• _WHAT YOU ARE ASKED TO DO_
Quote the records below in full, exactly as given, with the images taken out.

• _RECORDS SHOWN_
++++++++

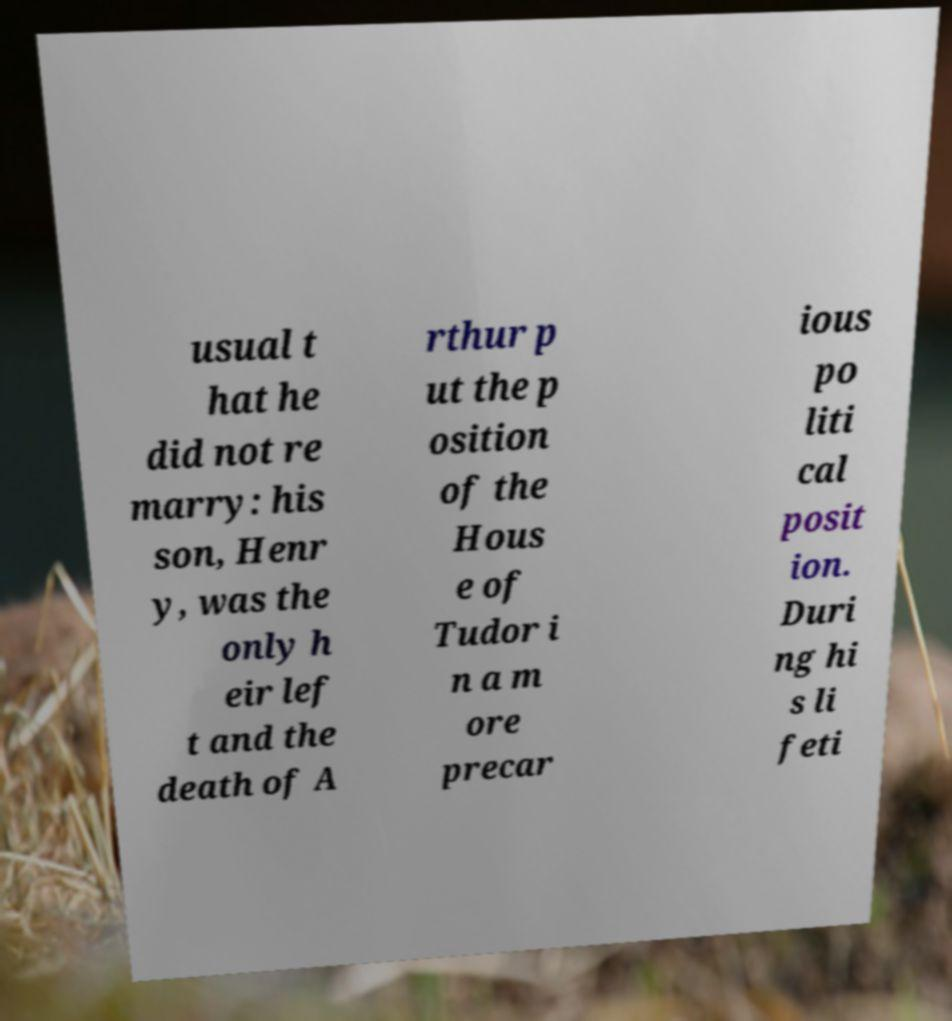I need the written content from this picture converted into text. Can you do that? usual t hat he did not re marry: his son, Henr y, was the only h eir lef t and the death of A rthur p ut the p osition of the Hous e of Tudor i n a m ore precar ious po liti cal posit ion. Duri ng hi s li feti 
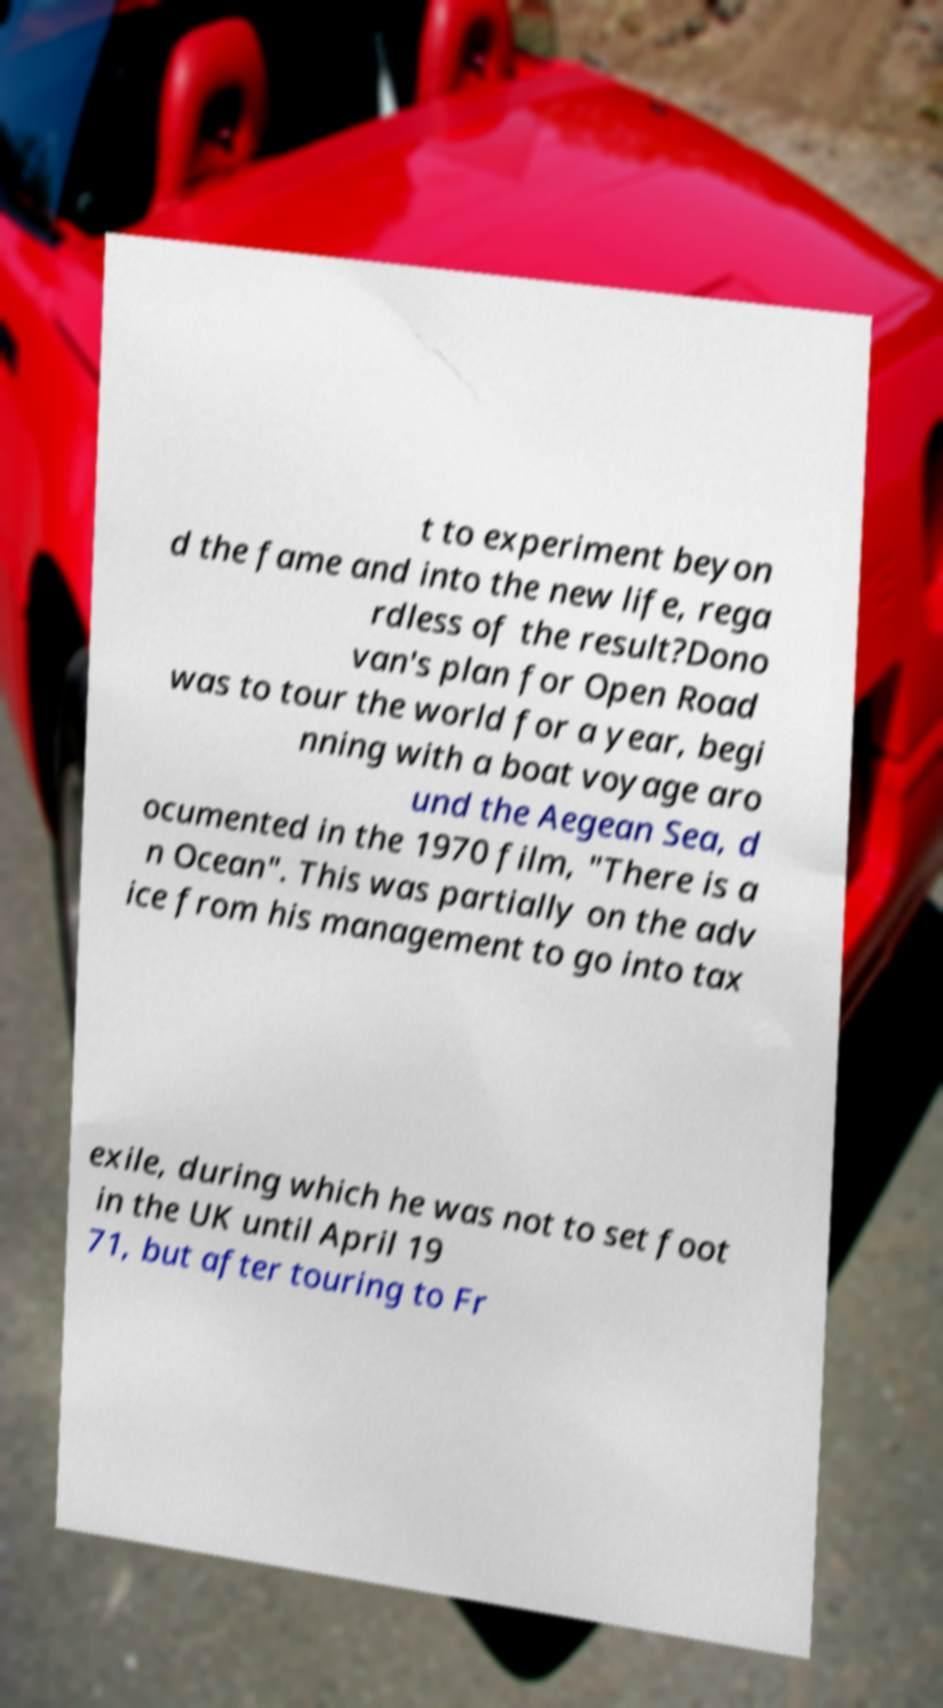Please read and relay the text visible in this image. What does it say? t to experiment beyon d the fame and into the new life, rega rdless of the result?Dono van's plan for Open Road was to tour the world for a year, begi nning with a boat voyage aro und the Aegean Sea, d ocumented in the 1970 film, "There is a n Ocean". This was partially on the adv ice from his management to go into tax exile, during which he was not to set foot in the UK until April 19 71, but after touring to Fr 
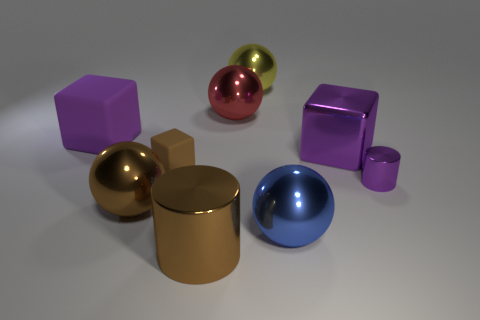There is a purple object behind the big purple shiny cube; is it the same size as the brown metallic object right of the tiny brown block?
Keep it short and to the point. Yes. There is another shiny thing that is the same shape as the tiny shiny thing; what is its color?
Make the answer very short. Brown. Is the shape of the yellow shiny thing the same as the large rubber object?
Offer a terse response. No. What size is the brown thing that is the same shape as the big yellow metal object?
Your answer should be compact. Large. What number of large blue objects have the same material as the small cube?
Keep it short and to the point. 0. How many things are large blue metallic spheres or big purple metal things?
Ensure brevity in your answer.  2. Are there any large metallic cylinders to the left of the object in front of the blue sphere?
Keep it short and to the point. No. Is the number of purple things on the right side of the purple shiny cube greater than the number of small purple objects that are behind the small shiny object?
Offer a very short reply. Yes. What is the material of the sphere that is the same color as the small rubber thing?
Keep it short and to the point. Metal. What number of small metallic cylinders have the same color as the big matte object?
Offer a terse response. 1.

++++++++

• _EXERCISE SOLUTION_
I need the written content from this picture converted into text. Can you do that? usual t hat he did not re marry: his son, Henr y, was the only h eir lef t and the death of A rthur p ut the p osition of the Hous e of Tudor i n a m ore precar ious po liti cal posit ion. Duri ng hi s li feti 
Please read and relay the text visible in this image. What does it say? t to experiment beyon d the fame and into the new life, rega rdless of the result?Dono van's plan for Open Road was to tour the world for a year, begi nning with a boat voyage aro und the Aegean Sea, d ocumented in the 1970 film, "There is a n Ocean". This was partially on the adv ice from his management to go into tax exile, during which he was not to set foot in the UK until April 19 71, but after touring to Fr 
There is a purple object behind the big purple shiny cube; is it the same size as the brown metallic object right of the tiny brown block?
Keep it short and to the point. Yes. There is another shiny thing that is the same shape as the tiny shiny thing; what is its color?
Make the answer very short. Brown. Is the shape of the yellow shiny thing the same as the large rubber object?
Offer a terse response. No. What size is the brown thing that is the same shape as the big yellow metal object?
Your answer should be compact. Large. What number of large blue objects have the same material as the small cube?
Keep it short and to the point. 0. How many things are large blue metallic spheres or big purple metal things?
Ensure brevity in your answer.  2. Are there any large metallic cylinders to the left of the object in front of the blue sphere?
Keep it short and to the point. No. Is the number of purple things on the right side of the purple shiny cube greater than the number of small purple objects that are behind the small shiny object?
Offer a very short reply. Yes. What is the material of the sphere that is the same color as the small rubber thing?
Keep it short and to the point. Metal. What number of small metallic cylinders have the same color as the big matte object?
Offer a terse response. 1.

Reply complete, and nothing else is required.